══ Supplied records ══

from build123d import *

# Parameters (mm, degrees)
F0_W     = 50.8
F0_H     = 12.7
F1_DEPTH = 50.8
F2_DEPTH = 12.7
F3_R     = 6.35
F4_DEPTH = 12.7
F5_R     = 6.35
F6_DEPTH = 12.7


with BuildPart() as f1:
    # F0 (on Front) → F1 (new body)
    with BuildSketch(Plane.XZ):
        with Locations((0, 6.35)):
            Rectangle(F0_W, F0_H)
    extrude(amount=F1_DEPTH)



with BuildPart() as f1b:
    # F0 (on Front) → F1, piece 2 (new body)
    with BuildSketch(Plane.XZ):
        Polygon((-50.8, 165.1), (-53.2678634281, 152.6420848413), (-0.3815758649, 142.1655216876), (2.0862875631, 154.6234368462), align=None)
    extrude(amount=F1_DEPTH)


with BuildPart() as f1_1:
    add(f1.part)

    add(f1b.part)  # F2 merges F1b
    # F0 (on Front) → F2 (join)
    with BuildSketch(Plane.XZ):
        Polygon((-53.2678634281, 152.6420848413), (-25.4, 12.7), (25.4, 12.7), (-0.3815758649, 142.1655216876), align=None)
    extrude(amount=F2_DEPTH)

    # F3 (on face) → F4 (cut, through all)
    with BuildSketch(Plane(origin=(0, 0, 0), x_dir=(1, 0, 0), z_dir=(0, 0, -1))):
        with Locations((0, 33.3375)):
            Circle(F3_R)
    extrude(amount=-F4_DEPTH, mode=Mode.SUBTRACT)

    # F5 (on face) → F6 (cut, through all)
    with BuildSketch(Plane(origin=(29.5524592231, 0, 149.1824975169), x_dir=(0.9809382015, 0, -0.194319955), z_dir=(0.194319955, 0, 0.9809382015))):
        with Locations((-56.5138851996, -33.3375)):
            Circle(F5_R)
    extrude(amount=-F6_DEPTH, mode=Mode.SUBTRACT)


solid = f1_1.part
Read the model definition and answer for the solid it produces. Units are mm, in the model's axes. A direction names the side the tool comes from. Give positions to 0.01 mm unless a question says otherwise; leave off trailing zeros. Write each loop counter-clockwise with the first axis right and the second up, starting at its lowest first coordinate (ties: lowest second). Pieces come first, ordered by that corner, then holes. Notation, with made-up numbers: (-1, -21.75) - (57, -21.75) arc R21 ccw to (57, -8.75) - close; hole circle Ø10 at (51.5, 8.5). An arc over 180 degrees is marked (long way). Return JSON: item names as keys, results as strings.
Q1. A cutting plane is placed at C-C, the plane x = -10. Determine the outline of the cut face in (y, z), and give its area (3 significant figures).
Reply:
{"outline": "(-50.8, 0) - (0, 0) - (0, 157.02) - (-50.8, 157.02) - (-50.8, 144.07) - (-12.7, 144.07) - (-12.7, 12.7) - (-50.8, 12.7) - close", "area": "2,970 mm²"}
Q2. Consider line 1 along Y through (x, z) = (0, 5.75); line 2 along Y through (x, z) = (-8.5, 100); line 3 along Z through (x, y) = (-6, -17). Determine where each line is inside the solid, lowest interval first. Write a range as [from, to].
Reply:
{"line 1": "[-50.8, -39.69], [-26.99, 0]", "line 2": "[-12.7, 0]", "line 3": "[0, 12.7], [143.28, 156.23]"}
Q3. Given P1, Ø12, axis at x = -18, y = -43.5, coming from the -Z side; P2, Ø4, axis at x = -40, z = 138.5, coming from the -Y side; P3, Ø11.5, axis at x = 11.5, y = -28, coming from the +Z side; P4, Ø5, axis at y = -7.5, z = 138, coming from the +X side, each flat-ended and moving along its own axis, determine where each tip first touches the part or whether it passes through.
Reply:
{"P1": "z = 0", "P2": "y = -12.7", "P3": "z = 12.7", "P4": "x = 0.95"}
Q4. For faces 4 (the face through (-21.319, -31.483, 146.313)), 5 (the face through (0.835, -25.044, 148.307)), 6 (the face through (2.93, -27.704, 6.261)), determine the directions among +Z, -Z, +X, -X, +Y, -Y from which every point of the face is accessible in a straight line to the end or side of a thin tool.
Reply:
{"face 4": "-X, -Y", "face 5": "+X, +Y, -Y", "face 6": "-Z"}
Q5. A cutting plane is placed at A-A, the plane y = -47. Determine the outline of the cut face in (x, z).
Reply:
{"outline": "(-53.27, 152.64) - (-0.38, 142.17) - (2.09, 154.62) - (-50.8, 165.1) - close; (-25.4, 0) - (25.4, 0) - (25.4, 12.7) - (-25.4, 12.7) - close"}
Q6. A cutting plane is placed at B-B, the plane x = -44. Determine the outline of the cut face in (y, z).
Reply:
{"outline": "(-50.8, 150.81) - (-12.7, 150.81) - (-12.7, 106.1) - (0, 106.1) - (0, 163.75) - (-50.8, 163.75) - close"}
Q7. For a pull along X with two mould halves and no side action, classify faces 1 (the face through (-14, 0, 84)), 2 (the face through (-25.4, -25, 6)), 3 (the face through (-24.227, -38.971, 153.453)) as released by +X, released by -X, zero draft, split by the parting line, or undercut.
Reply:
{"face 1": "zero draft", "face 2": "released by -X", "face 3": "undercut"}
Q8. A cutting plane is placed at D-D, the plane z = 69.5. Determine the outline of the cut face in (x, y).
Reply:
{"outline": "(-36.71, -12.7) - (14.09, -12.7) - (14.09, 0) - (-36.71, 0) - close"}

═══

Output exactly the lines between the one containing "Q5. A cutting" and the final line above, both inclusive.

*Exercise result*.
Q5. A cutting plane is placed at A-A, the plane y = -47. Determine the outline of the cut face in (x, z).
Reply:
{"outline": "(-53.27, 152.64) - (-0.38, 142.17) - (2.09, 154.62) - (-50.8, 165.1) - close; (-25.4, 0) - (25.4, 0) - (25.4, 12.7) - (-25.4, 12.7) - close"}
Q6. A cutting plane is placed at B-B, the plane x = -44. Determine the outline of the cut face in (y, z).
Reply:
{"outline": "(-50.8, 150.81) - (-12.7, 150.81) - (-12.7, 106.1) - (0, 106.1) - (0, 163.75) - (-50.8, 163.75) - close"}
Q7. For a pull along X with two mould halves and no side action, classify faces 1 (the face through (-14, 0, 84)), 2 (the face through (-25.4, -25, 6)), 3 (the face through (-24.227, -38.971, 153.453)) as released by +X, released by -X, zero draft, split by the parting line, or undercut.
Reply:
{"face 1": "zero draft", "face 2": "released by -X", "face 3": "undercut"}
Q8. A cutting plane is placed at D-D, the plane z = 69.5. Determine the outline of the cut face in (x, y).
Reply:
{"outline": "(-36.71, -12.7) - (14.09, -12.7) - (14.09, 0) - (-36.71, 0) - close"}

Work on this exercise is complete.